Рассуждая о галлюцинациях, мы обычно представляем себе некое порождаемое чем-то внутри нас впечатление — зрительный или звуковой образ того, чего на самом деле нет, — как происходит при шизофрении или в психоделических приключениях, подобных тем, что пережил Альберт Хофман. В этих ассоциативных представлениях галлюцинации противопоставлены «нормальному» восприятию, которое предположительно отражает то, что существует в окружающем нас мире в действительности. В представлении о восприятии как о нисходящем процессе противопоставленные явления превращаются в обычные разновидности. И «нормальное» восприятие, и «ненормальные» галлюцинации включают в себя порождаемые чем-то внутри нас прогнозы относительно источников входящих сенсорных данных, и обе разновидности образуются одним и тем же комплектом основных механизмов в мозге. Разница лишь в том, что при «нормальном» восприятии воспринимаемое связано с источниками в реальном мире и контролируется ими, а в случае галлюцинаций восприятие в той или иной степени теряет связь с этими источниками. При галлюцинациях наши перцептивные прогнозы не обновляются должным образом с учетом ошибок прогнозирования.
Если восприятие — это контролируемая галлюцинация, то галлюцинацию по аналогии можно считать неконтролируемым восприятием. Они отличаются, но искать границу между ними — это все равно что искать границу между днем и ночью.
Давайте проверим теорию контролируемой галлюцинации на практике и выясним, что означает, допустим, перцептивный опыт цвета.
Наша зрительная система, сколь бы удивительной она ни была, реагирует только на крохотный отрезок полного электромагнитного спектра, расположенный между низкими частотами инфракрасного излучения и высокими частотами ультрафиолетового. Любой воспринимаемый нами цвет — собственно, любая часть совокупности каждого из наших зрительных миров — основывается на этом тонком срезе действительности. Уже одно это знание говорит нам о том, что перцептивный опыт не может выступать всеобъемлющей репрезентацией объективного внешнего мира. Он недотягивает до нее и одновременно превосходит ее.
Спросите нейропсихолога, и он, скорее всего, скажет, что вы воспринимаете тот или иной цвет, когда в сетчатке вашего глаза активируется определенная доля цветочувствительных колбочек. Этот ответ нельзя назвать неверным, однако он рисует далеко не полную картину. Между активностью цветочувствительных колбочек и восприятием цвета взаимно однозначного соответствия нет. Воспринимаемый вами цвет определяется сложным взаимодействием света, отражающегося от поверхности, и общей освещенности той среды, в которой вы находитесь. Точнее, он определяется тем, как ваш мозг выводит умозаключения — наиболее вероятные предположения — о том, как складывается это взаимодействие.

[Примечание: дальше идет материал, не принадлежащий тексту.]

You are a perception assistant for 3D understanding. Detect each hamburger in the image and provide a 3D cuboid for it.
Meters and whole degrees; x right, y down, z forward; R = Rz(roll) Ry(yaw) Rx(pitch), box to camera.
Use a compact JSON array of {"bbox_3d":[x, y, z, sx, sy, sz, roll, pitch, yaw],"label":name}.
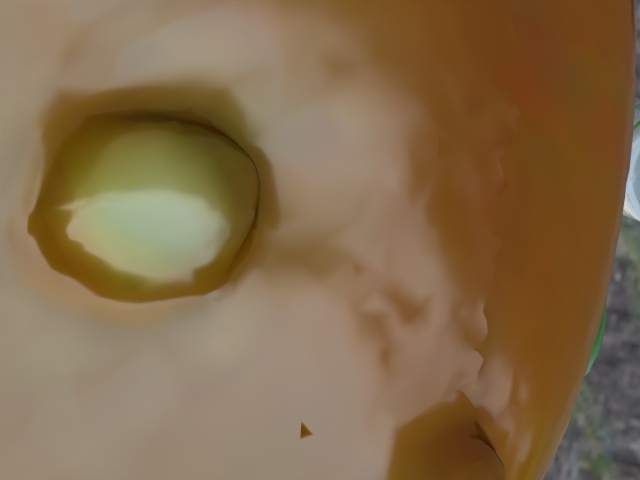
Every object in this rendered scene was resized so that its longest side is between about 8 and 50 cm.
[{"bbox_3d":[-0.136,-0.031,0.435,0.396,0.395,0.277,23,170,-8],"label":"hamburger"}]

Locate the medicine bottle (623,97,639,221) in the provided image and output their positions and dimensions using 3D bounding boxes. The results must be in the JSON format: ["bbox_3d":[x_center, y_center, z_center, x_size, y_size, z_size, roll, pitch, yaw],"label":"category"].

Вынесите лист белой бумаги на улицу — он по-прежнему будет выглядеть белым, хотя свет, который он теперь отражает, имеет совсем другой спектральный состав в силу разницы между дневным солнечным светом (синеватым) и искусственным (желтоватым). Ваша зрительная система автоматически компенсирует эту разницу в общей освещенности — «делает поправку на источник света», как говорят исследователи зрения, — в результате чего ваше ощущение цвета распознает инвариантное свойство листа бумаги — то, каким образом бумага отражает свет. Мозг делает умозаключение об этом инвариантном свойстве, выдвигая наиболее вероятное предположение об источнике его постоянно меняющихся входящих сенсорных данных. Белый — это феноменологическая составляющая данного умозаключения, проявление умозаключения мозга об этом инвариантном свойстве в нашем сознательном опыте.

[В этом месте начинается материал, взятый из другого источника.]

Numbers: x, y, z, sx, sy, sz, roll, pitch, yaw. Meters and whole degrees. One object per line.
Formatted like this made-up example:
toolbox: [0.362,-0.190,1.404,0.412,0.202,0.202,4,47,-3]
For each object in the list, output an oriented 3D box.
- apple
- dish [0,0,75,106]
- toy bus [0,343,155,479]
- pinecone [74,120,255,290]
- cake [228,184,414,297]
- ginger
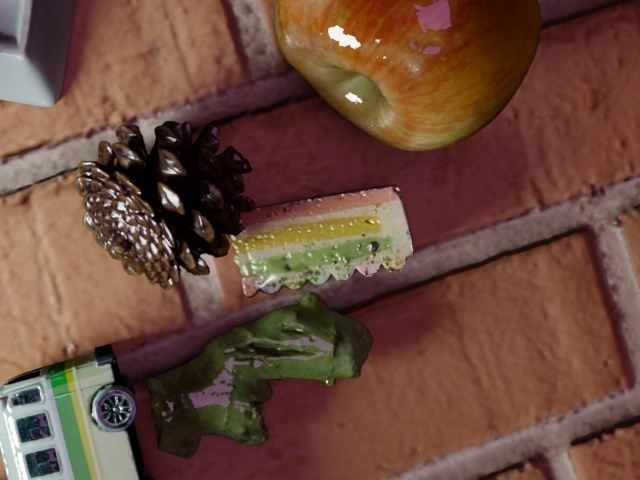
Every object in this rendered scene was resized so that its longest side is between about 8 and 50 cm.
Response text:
apple: [0.114,-0.256,1.271,0.302,0.301,0.301,0,91,-11]
dish: [-0.410,-0.261,1.270,0.243,0.080,0.181,8,90,-10]
toy bus: [-0.273,0.272,1.280,0.165,0.133,0.276,-13,92,-11]
pinecone: [-0.171,-0.050,1.273,0.208,0.208,0.207,0,91,-11]
cake: [0.003,-0.003,1.375,0.225,0.090,0.109,-10,96,8]
ginger: [-0.076,0.165,1.342,0.290,0.089,0.137,-33,79,-13]

Соответственно, цвет не является определенным свойством вещей в себе. Он, скорее, представляет собой найденное эволюцией полезное устройство, позволяющее мозгу распознавать и отслеживать предметы в условиях меняющейся освещенности. Когда я испытываю субъективный опыт наблюдения красного кресла в углу своей комнаты, это не значит, что кресло на самом деле красное, — как вообще кресло может обладать таким феноменологическим свойством, как краснота? Краснота не присуща креслу, как не присуще ему уродство, старомодность или авангардность. Просто у поверхности кресла имеется свойство — определенным образом отражать свет, — и мой мозг это свойство отслеживает с помощью своих перцептивных механизмов. Краснота — это субъективная, феноменологическая составляющая данного процесса.